Relation of B-type natriuretic peptide early after acute myocardial infarction to left ventricular diastolic function and extent of myocardial damage determined by magnetic resonance imaging.

作者信息

Paelinck Bernard P, Vrints Christiaan J, Bax Jeroen J, Bosmans Johan M, De Hert Stefan G, de Roos Albert, Lamb Hildo J

机构信息

Department of Cardiology, University Hospital Antwerp, Edegem, Belgium.

出版信息

Am J Cardiol. 2006 Apr 15;97(8):1146-50. doi: 10.1016/j.amjcard.2005.11.030. Epub 2006 Feb 28.

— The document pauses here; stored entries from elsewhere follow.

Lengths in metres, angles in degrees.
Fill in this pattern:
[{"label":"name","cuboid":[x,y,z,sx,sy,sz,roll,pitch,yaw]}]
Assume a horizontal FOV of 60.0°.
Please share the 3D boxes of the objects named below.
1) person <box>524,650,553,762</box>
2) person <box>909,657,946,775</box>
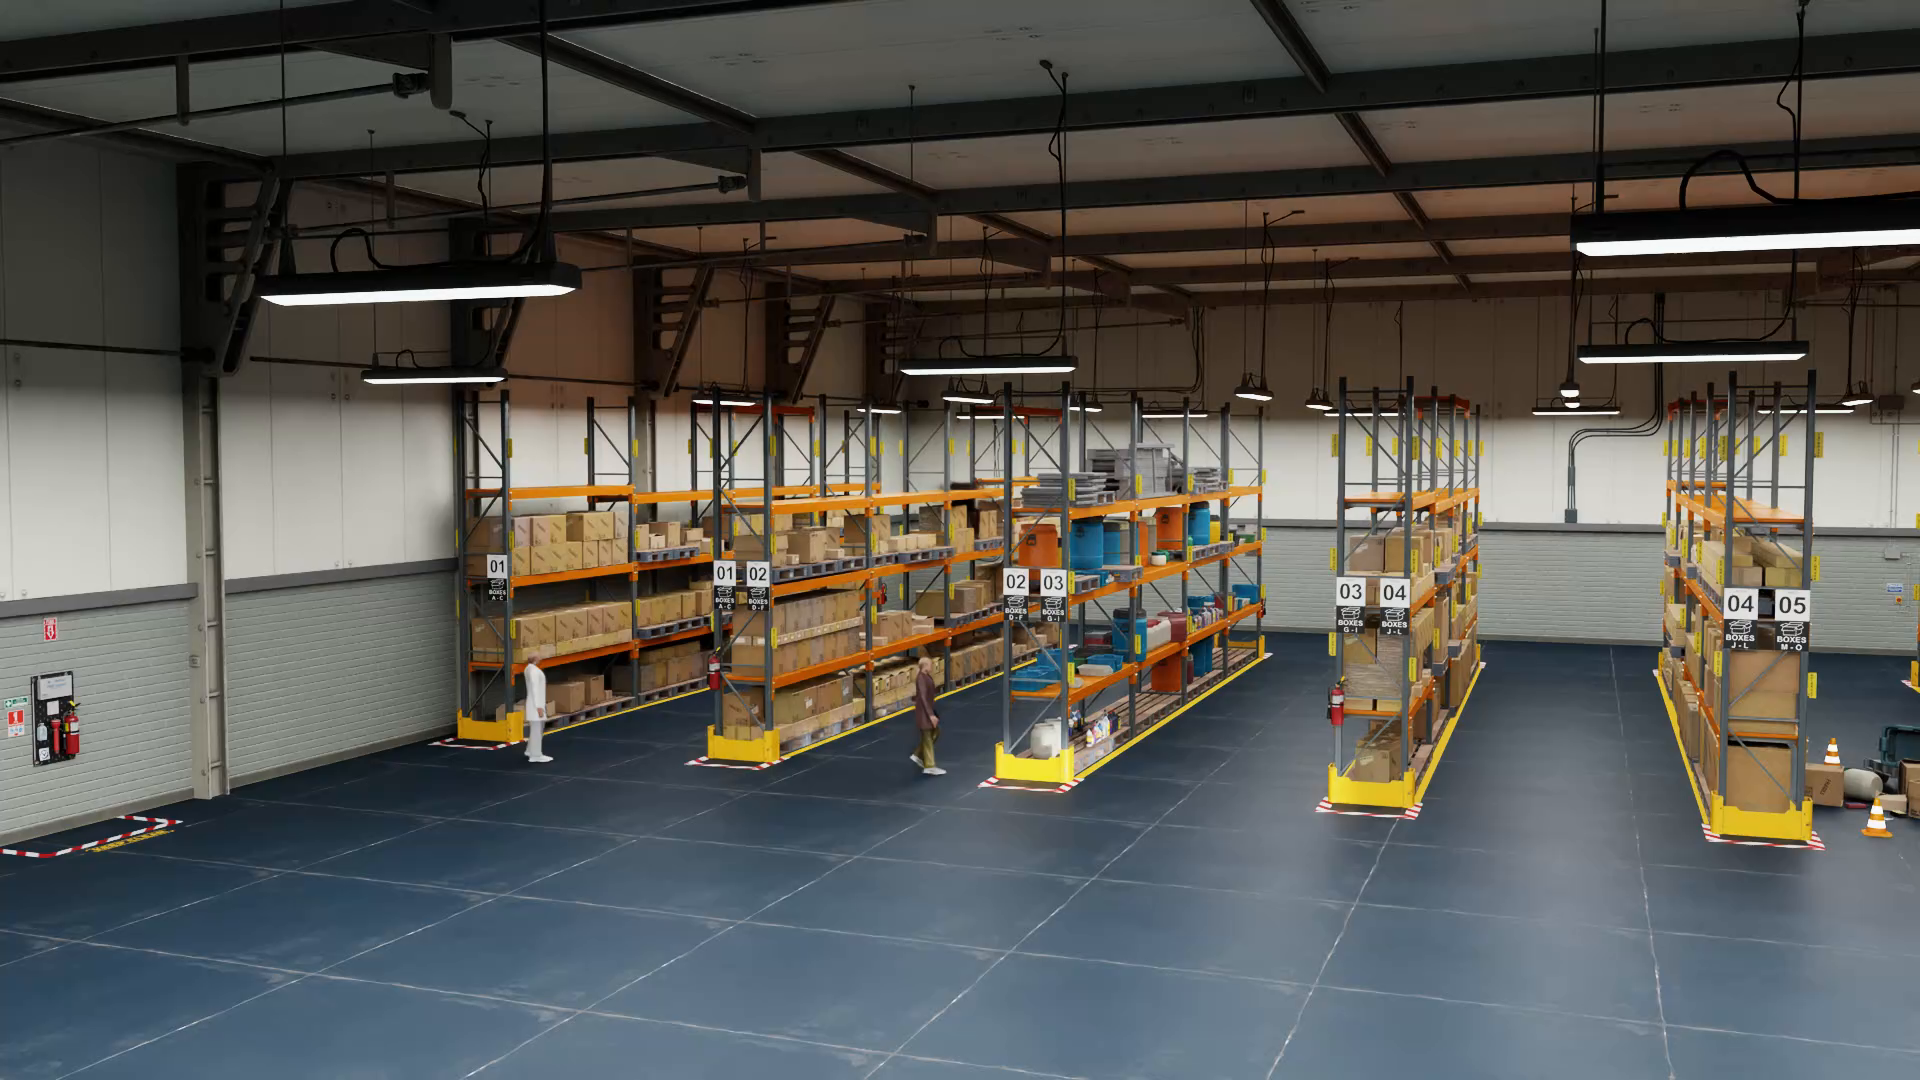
[{"label":"person","cuboid":[-6.754,2.670,26.594,0.465,1.823,0.648,-1,3,-10]},{"label":"person","cuboid":[-0.493,2.696,25.680,0.590,1.787,0.735,0,3,4]}]

DOI:10.1016/j.amjcard.2005.11.030
PMID:16616016
Abstract

Early after acute myocardial infarction, the relation between plasma B-type natriuretic peptide (BNP) and extent of myocardial scar formation and diastolic dysfunction remains unclear. In 32 consecutive patients early (5 +/- 3 days) after a first acute myocardial infarction, delayed contrast-enhanced magnetic resonance (MR) imaging was performed to define myocardial scar. Diastolic function was assessed using phase-contrast MR measurements of mitral flow and septal tissue velocities (tissue MR imaging) to estimate left ventricular (LV) filling pressures. MR study was immediately followed by BNP measurement. BNP related to LV ejection fraction (r = -0.52, p = 0.002), extent of myocardial scar (percent delayed hyperenhancement of LV mass, r = 0.49, p = 0.005; transmural index, r = 0.58, p <0.001), and estimated LV filling pressures (ratio of early diastolic mitral flow velocity to early diastolic mitral annular velocity, r = 0.51, p = 0.003). In multivariate analysis, transmural index and early diastolic mitral flow velocity/early diastolic mitral annular velocity were independent predictors of BNP levels (p <0.05, power of 0.99 at alpha = 0.05). In conclusion, among patients with recent myocardial infarction, high BNP levels are independently associated with extent of myocardial scar tissue and estimated LV filling pressures.

摘要

急性心肌梗死后早期,血浆B型利钠肽(BNP)与心肌瘢痕形成范围及舒张功能障碍之间的关系仍不明确。在32例首次急性心肌梗死后早期(5±3天)的连续患者中,进行了延迟对比增强磁共振(MR)成像以确定心肌瘢痕。使用二尖瓣血流和室间隔组织速度的相位对比MR测量(组织MR成像)评估舒张功能,以估计左心室(LV)充盈压。MR研究后立即进行BNP测量。BNP与LV射血分数相关(r = -0.52,p = 0.002)、心肌瘢痕范围(LV质量延迟高增强百分比,r = 0.49,p = 0.005;透壁指数,r = 0.58,p <0.001)以及估计的LV充盈压(舒张早期二尖瓣血流速度与舒张早期二尖瓣环速度之比,r = 0.51,p = 0.003)。在多变量分析中,透壁指数和舒张早期二尖瓣血流速度/舒张早期二尖瓣环速度是BNP水平的独立预测因子(p <0.05,在α = 0.05时检验效能为0.99)。总之,在近期心肌梗死患者中,高BNP水平与心肌瘢痕组织范围及估计的LV充盈压独立相关。